On Linear Ordered Codes
We consider linear codes in the metric space with the Niederreiter–Rosenbloom–Tsfasman (NRT) metric, calling them linear ordered
codes. In the first part of the paper we examine a linear-algebraic perspective of linear ordered codes, focusing on the distribution of “shapes”
of codevectors. We define a multivariate Tutte polynomial of the linear code and prove a duality relation for the Tutte polynomial of the
code and its dual code. We further relate the Tutte polynomial to the
distribution of support shapes of linear ordered codes, and find this distribution for ordered MDS codes. Using these results as a motivation,
we consider ordered matroids defined for the NRT poset and establish
basic properties of their Tutte polynomials. We also discuss connections
of linear ordered codes with simple models of information transmission
channels. 2010 Math. Subj. Class. 94B25.
Authors:
Alexander Barg (1) and WooMyoung Park (2)
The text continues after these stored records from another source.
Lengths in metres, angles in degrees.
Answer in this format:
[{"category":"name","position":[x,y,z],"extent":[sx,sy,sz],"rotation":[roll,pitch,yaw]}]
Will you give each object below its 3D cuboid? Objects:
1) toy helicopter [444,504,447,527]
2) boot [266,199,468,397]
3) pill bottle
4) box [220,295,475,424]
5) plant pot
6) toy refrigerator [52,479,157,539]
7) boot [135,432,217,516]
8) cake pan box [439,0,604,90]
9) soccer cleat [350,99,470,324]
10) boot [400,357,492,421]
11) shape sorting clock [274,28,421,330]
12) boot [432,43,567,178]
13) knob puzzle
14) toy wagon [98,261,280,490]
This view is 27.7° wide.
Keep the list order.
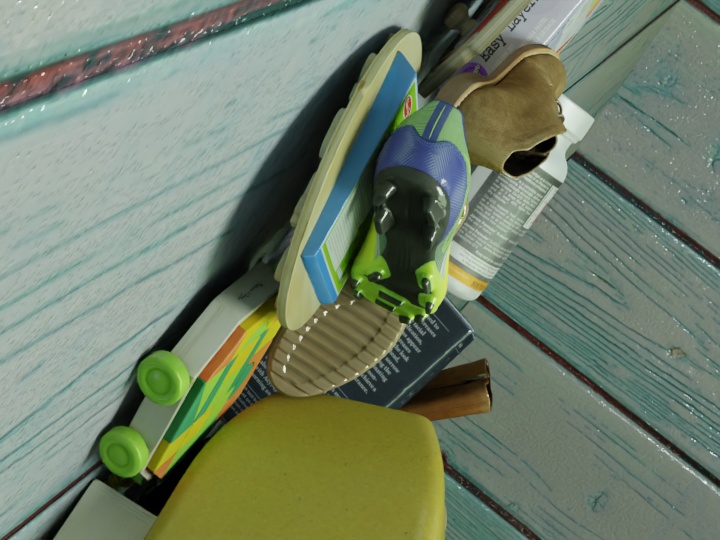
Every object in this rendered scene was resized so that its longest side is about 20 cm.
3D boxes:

Author institution:(1) Dept. of Electrical and Computer Engineering and Institute for Systems Research, University of Maryland, College Park, MD 20742, USA, and Institute for Problems of Information Transmission, Russian Academy of Sciences, Moscow, Russia
(2) Samsung Electronics, Suwon, Gyeonggi-do, Korea. Research done while at Department of ECE and Institute for Systems Research, University of Maryland, College Park, MD
Summary:
Keywords: Ordered metrics, linear codes, poset matroids, binomial moments, higher poset weights, wiretap channel.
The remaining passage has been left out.